This post just goes over some things I noticed while doing some optimization in my vegetation/wind vertex shader. I mentioned in a previous post that it was 62 instructions. The addition of a few more features and the incorporation of instancing support brought it up to 85 instructions. This is a fairly complex shader for something that’s run tens of thousands of time per frame. With a few hours spent, I got it back down to 66 instructions and made similar optimization in a few other shaders.
Beware of %
In a number of places I was using the % operator with 1 as an argument. The fmod intrinsic offers the same functionality, and in my scenarios using % 1 added 6 additional instructions per use. The compiler is not always able to optimize this (sometimes it does though). By switching to fmod, I brought my precipitation shader from 69 instructions down to 57.
Skip normalize… if you can
In my vertex shader I’m normalizing the normal after multiplying it by the World matrix (normalize(mul(input.Normal, World)). Removing the normalize would save four dp3 instructions, but you can only do this if you can ensure your matrix is orthonormal – which means no scaling (only translation and rotation). Unfortunately in my scenario it isn’t currently, since I do scale my vegetation. I may be able to get away with removing the scale from the World matrix and applying it separately, as long as I’m scaling equally in all directions (I haven’t tried this yet).
Note that you do need to re-normalize in the pixel shader since linear interpolations between two normals aren’t themselves guaranteed to be unit vectors.
I was adding three components of a vector together in order to determine the phase for controlling per-leaf vegetation bending and coloring.
fObjPhase = objectPosition.x + objectPosition.y + objectPosition.z;
Instead, by using dot I can save 1 instruction:
fObjPhase = dot(objectPosition.xyz, 1);
Beware of extraneous calculations
In addition to requiring wind direction (a 2-component vector), I also needed the scalar wind strength value. I was doing the following in my vertex shader:
float windStrength = length(instanceWindDirectionAndStrength);
This actually compiles to four instructions (it needs to do a square root, etc..). This was instance data stored in a second vertex stream. To save my 4 instructions I just ended up calculating this data once on the CPU and adding it to the vertex declaration. Note that this kind of “solution” could actually hurt performance. If increasing the size of the vertices impacted vertex cache performance, that could end up more than compensating for the shorter vertex shader.

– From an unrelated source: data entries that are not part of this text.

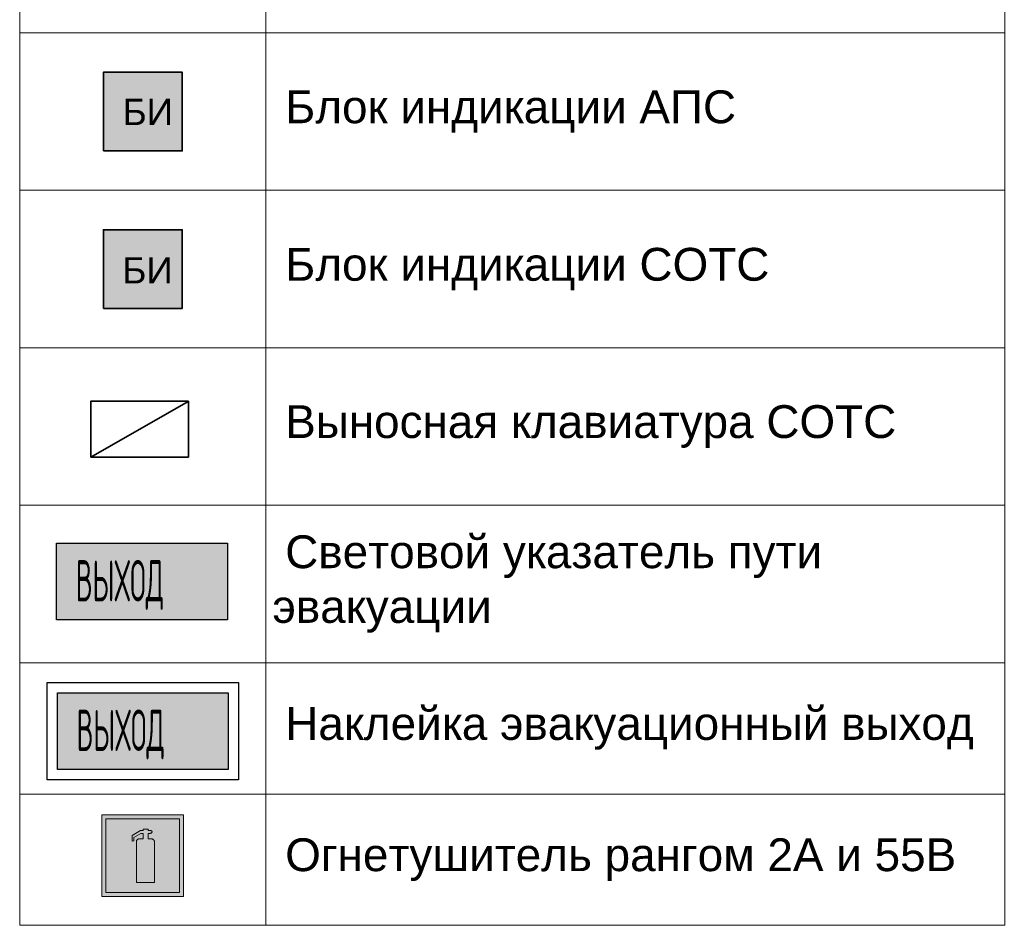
# Model space of a CAD drawing. Header units: millimetres. Extents: x -703898 to 730684, y -92609 to 157468.
# Tile 63 of 256: x -1427 to 6071, y -56325 to -49425. Entities that reach past the tile are written whole.
import ezdxf

# ---------------------------------------------------------------- set-up
doc = ezdxf.new("R2010")
doc.units = ezdxf.units.MM
doc.set_wipeout_variables(frame=1)
doc.layers.add('АПС', color=7, linetype='Continuous')
doc.layers.add('СОТС', color=250, linetype='Continuous', lineweight=0)
doc.styles.add('HVAC_AEP', font='arial.ttf')
doc.styles.get("Standard").update_dxf_attribs({"font": 'arial.ttf'})
doc.styles.add('style3', font='gost(b).shx', dxfattribs={"width": 0.8, "height": 2})

# ---------------------------------------------------------------- blocks, each defined once
blk = doc.blocks.new('A$C47365694')
at = {"lineweight": 25, "true_color": 0xffffff}
h = blk.add_hatch(color=7, dxfattribs=at)
h.dxf.hatch_style = 1
edge = h.paths.add_edge_path()
edge.add_arc((0, 0), 150.0000000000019, 359.9999999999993, 719.9999999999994)
at = {"lineweight": 25}
for p, q in [((-106.0660171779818, -106.0660171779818), (106.0660171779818, 106.0660171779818)), ((106.0660171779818, -106.0660171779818), (-106.0660171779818, 106.0660171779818))]:
    blk.add_line(p, q, dxfattribs=at)
blk.add_ellipse((0, 0), major_axis=(106.0660171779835, 106.0660171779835), ratio=0.9999999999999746, start_param=5.497787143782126, end_param=11.78097245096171, dxfattribs=at)
blk = doc.blocks.new('A$C104B38DF')
at = {"color": 0, "lineweight": 25}
blk.add_wipeout([(-300, 300), (-300, 0), (0, 0), (0, 300)], dxfattribs=at)
at = {"color": 0, "lineweight": 25, "ltscale": 400}
blk.add_lwpolyline([(-300, 0), (0, 0), (0, 300), (-300, 300)], close=True, dxfattribs=at)
at = {"color": 0, "lineweight": 25, "ltscale": 100}
blk.add_lwpolyline([(-128.3625324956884, 258.1873375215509), (-193.2749350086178, 193.2749350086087), (-106.7250649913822, 106.7250649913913), (-171.6374675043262, 41.81266247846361)], dxfattribs=at)
blk = doc.blocks.new('A$C68E07E9D')
at = {"color": 240, "lineweight": 25, "ltscale": 400, "true_color": 0xed1f24}
blk.add_wipeout([(-300, 300), (-300, 0), (0, 0), (0, 300)], dxfattribs=at)
for p, q in [((-300, 300), (0, 300)), ((-300, 0), (-300, 300)), ((0, 300), (0, 0)), ((0, 0), (-300, 0))]:
    blk.add_line(p, q, dxfattribs=at)
at = {"color": 240, "lineweight": 25, "true_color": 0xed1f24}
blk.add_line((-150, 150), (-150, 18.85159889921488), dxfattribs=at)
blk.add_ellipse((-150.0000000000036, 271.5383502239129), major_axis=(-85.94059161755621, 85.94059161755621), ratio=0.9999999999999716, start_param=0.7853981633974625, end_param=3.926990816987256, dxfattribs=at)
blk = doc.blocks.new('A$C3B7A38DB')
at = {"layer": 'АПС', "true_color": 0xffffff}
h = blk.add_hatch(color=7, dxfattribs=at)
h.dxf.hatch_style = 1
h.paths.add_polyline_path([(-0.0584259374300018, 149.9835752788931), (-0.0584259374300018, 299.9835752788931), (-300.05842593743, 299.9835752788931), (-300.05842593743, 149.9835752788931)])
h.paths.add_polyline_path([(-0.0584259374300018, -0.01642472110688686), (-0.0584259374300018, 149.9835752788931), (-300.05842593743, 149.9835752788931), (-300.05842593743, -0.01642472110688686)])
at = {"layer": 'АПС', "lineweight": 35}
blk.add_lwpolyline([(-300, 0), (0, 0), (0, 300), (-300, 300)], close=True, dxfattribs=at)
at = {"layer": 'АПС', "color": 1, "lineweight": 60, "insert": (-226.7621602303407, 198.5900702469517), "char_height": 100, "attachment_point": 1}
blk.add_mtext_dynamic_manual_height_columns('БИ', width=175.0770133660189, gutter_width=500, heights=[0], dxfattribs=at)
blk = doc.blocks.new('A$C22C12B45')
at = {"layer": 'СОТС', "true_color": 0xffffff}
h = blk.add_hatch(color=7, dxfattribs=at)
h.dxf.hatch_style = 1
h.paths.add_polyline_path([(-0.0584259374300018, 149.9835752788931), (-0.0584259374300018, 299.9835752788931), (-300.05842593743, 299.9835752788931), (-300.05842593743, 149.9835752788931)])
h.paths.add_polyline_path([(-0.0584259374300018, -0.01642472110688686), (-0.0584259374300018, 149.9835752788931), (-300.05842593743, 149.9835752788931), (-300.05842593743, -0.01642472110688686)])
at = {"layer": 'СОТС', "lineweight": 35}
blk.add_lwpolyline([(-300, 0), (0, 0), (0, 300), (-300, 300)], close=True, dxfattribs=at)
at = {"layer": 'СОТС', "color": 5, "lineweight": 60, "insert": (-227.7407084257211, 195.1672988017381), "char_height": 100, "attachment_point": 1}
blk.add_mtext_dynamic_manual_height_columns('БИ', width=174.5877403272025, gutter_width=500, heights=[0], dxfattribs=at)
blk = doc.blocks.new('A$C0F414EB7')
at = {"lineweight": 35}
blk.add_line((-347.9416260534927, 33.65745416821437), (22.36352641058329, 245.7894885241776), dxfattribs=at)
at = {"lineweight": 35, "ltscale": 100}
blk.add_lwpolyline([(-347.9985347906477, 33.99890659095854), (23.47324678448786, 33.99890659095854), (23.47324678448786, 246.5530397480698), (-347.9985347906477, 246.5530397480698)], close=True, dxfattribs=at)
blk = doc.blocks.new('*T684')
at = {"color": 0, "linetype": 'ByBlock', "lineweight": 9, "transparency": 16777216}
for p, q in [((0, 0), (7503.000000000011, 0)), ((0, 0), (0, -10200)), ((1874.999999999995, 0), (1874.999999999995, -10200)), ((7503.000000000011, 0), (7503.000000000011, -10200)), ((0, -1200), (7503.000000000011, -1200)), ((0, -2400), (7503.000000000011, -2400)), ((0, -3400), (7503.000000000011, -3400)), ((0, -4600), (7503.000000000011, -4600)), ((0, -5800), (7503.000000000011, -5800)), ((0, -7000), (7503.000000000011, -7000)), ((0, -8200), (7503.000000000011, -8200)), ((0, -9200), (7503.000000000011, -9200)), ((0, -10200), (7503.000000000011, -10200))]:
    blk.add_line(p, q, dxfattribs=at)
at = {"color": 0, "lineweight": 15, "transparency": 16777216, "xscale": 2, "yscale": 2, "zscale": 2}
for name, p in [('A$C47365694', (937.4999999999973, -600)), ('A$C104B38DF', (1237.499999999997, -2100)), ('A$C68E07E9D', (1237.499999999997, -3200)), ('A$C3B7A38DB', (1237.558425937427, -4299.983575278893)), ('A$C22C12B45', (1237.558425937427, -5499.983575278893)), ('A$C0F414EB7', (1237.558425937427, -6699.983575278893))]:
    blk.add_blockref(name, p, dxfattribs=at)
at = {"color": 0, "lineweight": 15, "transparency": 16777216, "char_height": 250, "width": 5528.000000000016, "attachment_point": 4, "style": 'HVAC_AEP'}
for s, insert in [('{\\C256; Оповещатель охранно-пожарный световой  (СОТС)}', (1924.999999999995, -600)), ('{\\C256; Дымовой пожарный извещатель }', (1924.999999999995, -1800)), ('{\\C256; Ручной пожарный извещатель}', (1924.999999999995, -2900)), ('{\\C256; Блок индикации АПС}', (1924.999999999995, -4000)), ('{\\C256; Блок индикации СОТС}', (1924.999999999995, -5200)), ('{\\C256; Выносная клавиатура СОТС}', (1924.999999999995, -6400)), ('{\\C256; Световой указатель пути  эвакуации}', (1924.999999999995, -7600)), ('{\\C256; Наклейка эвакуационный выход}', (1924.999999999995, -8700)), (' Огнетушитель рангом 2А и 55В', (1924.999999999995, -9700))]:
    blk.add_mtext(s, dxfattribs=dict(at, insert=insert))
blk = doc.blocks.new('Указатель выхода')
h = blk.add_hatch(color=70)
h.dxf.hatch_style = 1
h.paths.add_polyline_path([(0.9639179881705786, -0.7326285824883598), (9.221411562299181, -0.7326285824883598), (9.221411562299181, -4.440726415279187), (0.9639179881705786, -4.440726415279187)])
at = {"color": 0, "lineweight": 30}
blk.add_lwpolyline([(0.9639179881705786, -0.7326285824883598), (9.221411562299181, -0.7326285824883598), (9.221411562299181, -4.440726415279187), (0.9639179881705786, -4.440726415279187)], close=True, dxfattribs=at)
at = {"color": 0, "lineweight": 30, "style": 'style3', "width": 0.6}
blk.add_text('ВЫХОД', height=2, dxfattribs=at).set_placement((1.889061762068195, -3.552038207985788))
blk = doc.blocks.new('наклейка')
h = blk.add_hatch(color=70)
h.dxf.hatch_style = 1
h.paths.add_polyline_path([(0.9639179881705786, -0.7326285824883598), (9.221411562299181, -0.7326285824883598), (9.221411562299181, -4.440726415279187), (0.9639179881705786, -4.440726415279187)])
at = {"color": 0, "lineweight": 30}
for points in [[(0.4639179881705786, -0.2326285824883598), (9.721411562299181, -0.2326285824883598), (9.721411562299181, -4.940726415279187), (0.4639179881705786, -4.940726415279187)], [(0.9639179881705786, -0.7326285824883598), (9.221411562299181, -0.7326285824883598), (9.221411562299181, -4.440726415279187), (0.9639179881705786, -4.440726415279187)]]:
    blk.add_lwpolyline(points, close=True, dxfattribs=at)
at = {"color": 0, "lineweight": 30, "style": 'style3', "width": 0.6}
blk.add_text('ВЫХОД', height=2, dxfattribs=at).set_placement((1.889061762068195, -3.552038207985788))
blk = doc.blocks.new('__огнетушитель')
at = {"true_color": 0xffffff}
blk.add_hatch(color=7, dxfattribs=at).paths.add_polyline_path([(-1000.376325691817, 0), (1000.376325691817, 0), (1000.376325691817, -2000.752651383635), (-1000.376325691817, -2000.752651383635)])
h = blk.add_hatch(color=10)
h.paths.add_polyline_path([(900.3763256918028, -100), (-900.3763256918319, -100.0000000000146), (-900.3763256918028, -1900.752651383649), (900.3763256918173, -1900.752651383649)])
h.paths.add_polyline_path([(287.9337415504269, -1412.302952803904), (287.9337415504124, -1655.649313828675), (-151.6320443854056, -1655.649313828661), (-151.6320443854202, -1412.302952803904), (-151.6320443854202, -663.4130952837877), (-151.6320443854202, -650.5602945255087), (-150.7751910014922, -643.7054674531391), (-149.9183376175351, -637.7074937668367), (-148.2046308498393, -630.8526666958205), (-145.6340706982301, -624.8546930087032), (-142.2066571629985, -619.713572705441), (-137.922390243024, -613.7155990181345), (-133.6381233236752, -609.431332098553), (-128.4970030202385, -604.2902117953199), (-122.4990293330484, -600.0059448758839), (-116.5010556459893, -596.5785313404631), (-110.5030819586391, -593.1511178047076), (-103.6482548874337, -590.5805576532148), (-96.79342781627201, -588.0099975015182), (-89.08174736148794, -586.2962907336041), (-81.37006690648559, -585.4394373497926), (-72.80153306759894, -585.4394373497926), (13.74065870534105, -585.4394373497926), (13.7406587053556, -456.0545763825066), (-43.66851801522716, -456.0545763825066), (-215.0391947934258, -557.1632756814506), (-215.0391947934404, -637.7074937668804), (-256.1681572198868, -643.7054674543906), (-256.1681572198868, -501.4678057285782), (-54.80761200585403, -380.6514786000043), (13.7406587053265, -380.6514785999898), (13.74065870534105, -346.3773432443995), (132.8432790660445, -346.3773432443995), (132.8432790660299, -380.6514785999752), (170.5448279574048, -380.6514785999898), (178.2565084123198, -380.6514785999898), (178.2565084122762, -381.5083319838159), (188.5387490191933, -382.3651853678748), (198.8209896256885, -384.9357455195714), (207.3895234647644, -388.3631590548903), (215.101203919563, -393.5042793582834), (221.9560309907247, -398.6453996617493), (226.2402979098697, -404.6433733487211), (227.9540046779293, -407.2139335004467), (229.6677114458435, -410.6413470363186), (230.5245648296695, -414.0687605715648), (230.524564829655, -417.4961741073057), (230.5245648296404, -421.7804410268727), (228.8108580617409, -425.2078545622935), (227.954004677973, -428.6352680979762), (225.3834445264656, -432.0626816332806), (222.8128843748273, -435.4900951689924), (220.2423242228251, -438.0606553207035), (216.8149106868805, -440.6312154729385), (212.5306437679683, -444.0586290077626), (203.9621099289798, -448.3428959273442), (193.6798693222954, -451.7703094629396), (182.5407753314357, -453.4840162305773), (170.5448279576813, -454.3408696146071), (169.6879745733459, -454.3408696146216), (167.9742678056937, -454.3408696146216), (132.8432790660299, -454.3408696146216), (132.8432790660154, -585.439437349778), (209.1032302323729, -585.4394373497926), (216.8149106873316, -585.4394373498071), (224.5265911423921, -586.2962907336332), (232.2382715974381, -588.0099975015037), (239.9499520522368, -590.5805576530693), (246.804779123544, -593.1511178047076), (252.8027528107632, -596.5785313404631), (258.8007264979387, -600.0059448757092), (264.7987001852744, -604.2902117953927), (269.9398204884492, -609.431332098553), (274.2240874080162, -613.7155990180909), (277.6515009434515, -619.7135727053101), (281.0789144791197, -624.8546930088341), (283.6494746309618, -630.852666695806), (286.2200347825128, -637.7074937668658), (287.076888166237, -643.7054674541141), (287.9337415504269, -650.5602945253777), (287.9337415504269, -663.4130952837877)], flags=16)
at = {"color": 7}
blk.add_lwpolyline([(-1000.376325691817, 0), (1000.376325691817, 0), (1000.376325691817, -2000.752651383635), (-1000.376325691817, -2000.752651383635)], close=True, dxfattribs=at)
at = {"color": 1}
blk.add_lwpolyline([(-900.3763256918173, -100), (900.3763256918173, -100), (900.3763256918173, -1900.752651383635), (-900.3763256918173, -1900.752651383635)], close=True, dxfattribs=at)
at = {"color": 1, "lineweight": 0}
blk.add_lwpolyline([(-72.80153306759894, -585.4394373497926), (13.7406587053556, -585.4394373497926), (13.7406587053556, -456.0545763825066), (-43.66851801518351, -456.0545763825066), (-215.0391947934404, -557.1632756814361), (-215.0391947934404, -637.7074937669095), (-256.1681572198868, -643.7054674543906), (-256.1681572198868, -501.4678057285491), (-54.80761200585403, -380.6514785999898), (13.7406587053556, -380.6514785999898), (13.7406587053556, -346.377343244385), (132.8432790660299, -346.377343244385), (132.8432790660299, -380.6514785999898), (170.5448279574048, -380.6514785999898), (178.2565084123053, -380.6514785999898), (178.2565084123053, -381.5083319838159), (188.5387490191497, -382.3651853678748), (198.8209896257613, -384.9357455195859), (207.3895234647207, -388.3631590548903), (215.1012039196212, -393.5042793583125), (221.9560309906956, -398.6453996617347), (226.2402979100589, -404.643373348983), (227.9540046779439, -407.2139335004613), (229.6677114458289, -410.6413470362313), (230.524564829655, -414.0687605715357), (230.524564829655, -417.4961741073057), (230.524564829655, -421.7804410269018), (228.81085806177, -425.2078545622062), (227.9540046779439, -428.6352680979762), (225.3834445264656, -432.0626816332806), (222.8128843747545, -435.4900951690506), (220.2423242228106, -438.0606553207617), (216.8149106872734, -440.63121547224), (212.5306437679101, -444.0586290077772), (203.9621099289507, -448.3428959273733), (193.6798693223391, -451.7703094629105), (182.5407753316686, -453.4840162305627), (170.5448279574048, -454.3408696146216), (169.6879745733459, -454.3408696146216), (167.9742678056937, -454.3408696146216), (167.9742678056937, -454.3408696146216), (132.8432790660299, -454.3408696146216), (132.8432790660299, -585.4394373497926), (209.1032302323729, -585.4394373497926), (216.8149106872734, -585.4394373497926), (224.5265911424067, -586.2962907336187), (232.23827159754, -588.0099975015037), (239.9499520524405, -590.5805576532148), (246.8047791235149, -593.1511178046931), (252.8027528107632, -596.5785313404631), (258.8007264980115, -600.0059448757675), (264.7987001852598, -604.2902117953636), (269.9398204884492, -609.431332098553), (274.2240874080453, -613.7155990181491), (277.6515009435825, -619.7135727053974), (281.0789144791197, -624.8546930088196), (283.6494746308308, -630.8526666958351), (286.2200347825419, -637.7074937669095), (287.076888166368, -643.7054674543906), (287.9337415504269, -650.560294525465), (287.9337415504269, -663.4130952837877), (287.9337415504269, -1412.302952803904), (287.9337415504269, -1655.649313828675), (-151.6320443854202, -1655.649313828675), (-151.6320443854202, -1412.302952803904), (-151.6320443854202, -663.4130952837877), (-151.6320443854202, -650.560294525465), (-150.7751910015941, -643.7054674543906), (-149.9183376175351, -637.7074937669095), (-148.204630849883, -630.8526666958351), (-145.6340706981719, -624.8546930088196), (-142.2066571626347, -619.7135727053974), (-137.9223902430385, -613.7155990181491), (-133.6381233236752, -609.431332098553), (-128.497003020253, -604.2902117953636), (-122.4990293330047, -600.0059448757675), (-116.5010556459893, -596.5785313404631), (-110.5030819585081, -593.1511178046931), (-103.6482548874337, -590.5805576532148), (-96.79342781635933, -588.0099975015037), (-89.08174736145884, -586.2962907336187), (-81.37006690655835, -585.4394373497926), (-72.80153306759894, -585.4394373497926)], close=True, dxfattribs=at)

msp = doc.modelspace()

# ---------------------------------------------------------------- block references
msp.add_blockref('*T684', (-1427.05959890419, -46124.77203882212))

# ---------------------------------------------------------------- next in the draw order: block references
at = {"xscale": 157.5, "yscale": 157.5, "zscale": 157.5}
msp.add_blockref('наклейка', (-1291.654301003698, -54437.0369994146), dxfattribs=at)
at = {"layer": 'АПС', "xscale": 157.5, "yscale": 157.5, "zscale": 157.5}
msp.add_blockref('Указатель выхода', (-1297.654301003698, -53297.70366608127), dxfattribs=at)
at = {"layer": 'СОТС', "xscale": 0.3115340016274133, "yscale": 0.3115340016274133, "zscale": 0.3115340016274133}
msp.add_blockref('__огнетушитель', (-490.945943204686, -55483.18859913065), dxfattribs=at)

doc.saveas('drawing.dxf')

In my case though, these vertices represented instance data, so they are only fetched once per object drawn.
Help the pre-shader
For values which are calculated from shader constants that remain the same across all vertices for a draw call, the pre-shader can pre-calculate these on the CPU. Sometimes the compiler isn’t very good at figuring these out.
When doing lighting calculations and reading from my G-buffer, I had the following line of code to reconstruct world-space depth from view-space depth:
return -helperRay * (depthValue * (NearPlane - FarPlane) - NearPlane) / FarPlane;
Looking at the assembly, it seemed this was turning into a large number of instructions for what it does. By “doing the algebra” myself, I came up with this equivalent:
float c1 = -NearPlane / FarPlane; float c2 = (NearPlane - FarPlane) / FarPlane; return -helperRay * (depthValue * c2 + c1);
This was enough to help the compiler realize that an additional value was constant, and this saved 1 instruction (which moved to the pre-shader).
A more dramatic example was in my vegetation shader where I do this:
float4 viewPosition = mul(worldPosition, View); output.ViewSpaceDepth = viewPosition.z; output.Position = mul(viewPosition, Projection);
There are two matrix multiplies here (8 dp3 instructions). But we really only need z from the intermediate value. By simply re-writing the code like so saved 4 instructions:
float4x4 vp = mul(View, Projection); float4 viewPosition = mul(worldPosition, View); output.ViewSpaceDepth = viewPosition.z; output.Position = mul(worldPosition, vp);
Of course this added 28 instructions to the pre-shader (to multiply two full matrices), but these are only executed once.